クソババアと比べると、10倍はあるだろう。
けれどそれは、この世界の基準だ。
僕やマリアと比べるまでもない。
「……じゃあ、どうしたらマリアおねえさまのやくにたつの? ぼく、なんでもするよ!」
そう曇りなく言ってのけたアリシュタは、幼かった過去の自分を見ているようで、イラついた。

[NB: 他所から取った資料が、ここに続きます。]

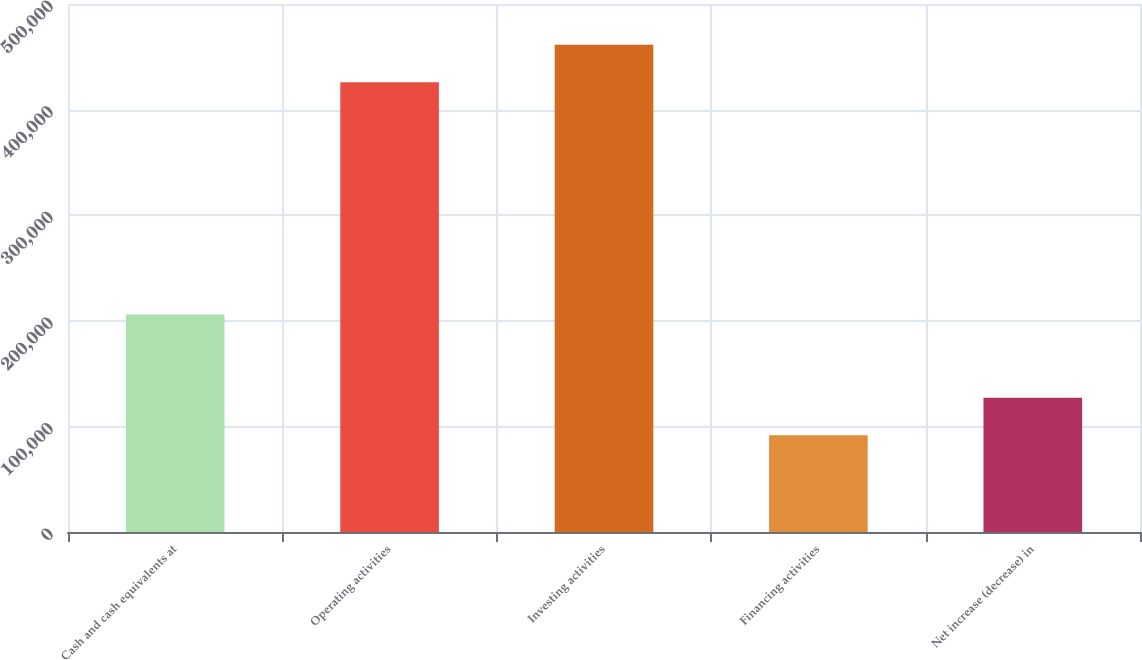Convert chart to OTSL. <chart><loc_0><loc_0><loc_500><loc_500><bar_chart><fcel>Cash and cash equivalents at<fcel>Operating activities<fcel>Investing activities<fcel>Financing activities<fcel>Net increase (decrease) in<nl><fcel>206030<fcel>425963<fcel>461457<fcel>91698<fcel>127192<nl></chart> 
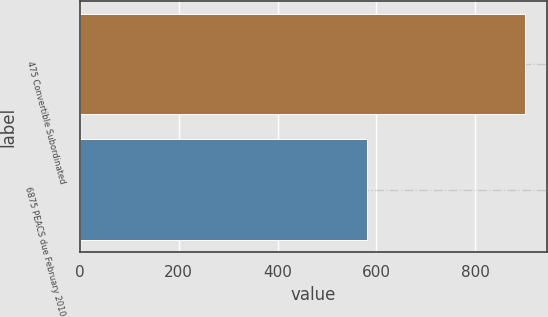Convert chart to OTSL. <chart><loc_0><loc_0><loc_500><loc_500><bar_chart><fcel>475 Convertible Subordinated<fcel>6875 PEACS due February 2010<nl><fcel>900<fcel>580<nl></chart> 
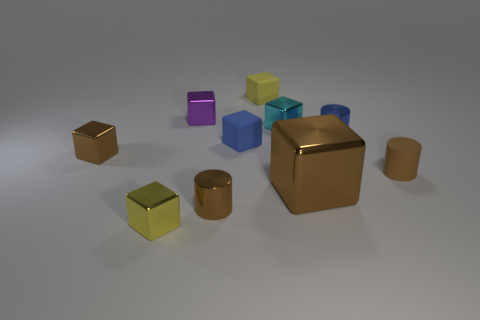Subtract all shiny cylinders. How many cylinders are left? 1 Subtract all blue cylinders. How many cylinders are left? 2 Subtract all cylinders. How many objects are left? 7 Subtract 4 blocks. How many blocks are left? 3 Subtract all red cubes. Subtract all brown cylinders. How many cubes are left? 7 Subtract all purple cylinders. How many yellow cubes are left? 2 Subtract all big yellow shiny cubes. Subtract all brown cubes. How many objects are left? 8 Add 6 small blue metallic things. How many small blue metallic things are left? 7 Add 9 small yellow metal things. How many small yellow metal things exist? 10 Subtract 0 purple spheres. How many objects are left? 10

「……何でもする? お前は何もしてないじゃないか。お前には、力も学もない。学ぶ環境があっても、自らそれを放棄する始末。それのどこが役に立つんだ? 口先だけも、大概にしろ」
自分でも、何故こんなたかが子供にムキになるのか分からない。
マリアは、誰にも執着したりしない。
ならば、嫉妬するだけ無駄だ。
マリアは異端だ。
誰も彼も、最後には彼女の傍を去っていく。
アリシュタも、きっと最後にはそうなる。
何時ものように過ぎ去っていくだけの景色に、何故こうも引っ掛かるのだろうか?
「くちだけじゃないもん! ぼくのほうが、おにいさまよりやくにたつようになるの!」
『ぼくがマリアを、ずっと守ってあげるね』
アリシュタの言葉に、幼い日そう無邪気に誓った自分が頭に過る。
そして力も覚悟もなく誓った約束が、打ち砕かれたその日を思い出した。
『お兄様! ずっと、一緒に居てね?』
そう言って、笑っていたマリア。
僕の可愛い妹。
守ってあげられなかった僕の妹。
「なら……マリアの傍に居続けたいなら、力を手に入れろ」
アリシュタ、お前が真にマリアの傍を願うならその資格を手に入れろ。
でなければ、僕はお前を認めない。
「ちから?」
「あぁ……と言っても、武力ではない。それは僕やマリアが既に持っている」
この世は弱肉強食だ。
強いものが生き、弱いものが死ぬ。
――けれど、稀に例外が起きることがある。
「じゃあ、なんのちから?」
「権力だよ。傲慢で、理不尽で、尊い力だ。マリアを脅かすものがあるとしたら、それは権力だ。だから、お前はそれを手に入れろ」
僕達を守ることもあれば、害することもある。
そして権力は時に、世の中の法則をねじ曲げる。
だから、厄介極まりないんだ。
「はい! ぼくはマリアおねえさまのために、けんりょくをてにいれます!!」
そう元気よく言ったアリシュタに、僕は正直期待など全くしていなかった。
これはマリアから引き剥がすための餌にすぎず、アリシュタはすぐに諦めるだろうと思っていた。
けれど、アリシュタは将来その言葉を実現することになる。
マリアは僕とアリシュタと……後に出会うアイツ達の力によって、何者にも侵せない箱庭を手に入れる事になるのだった。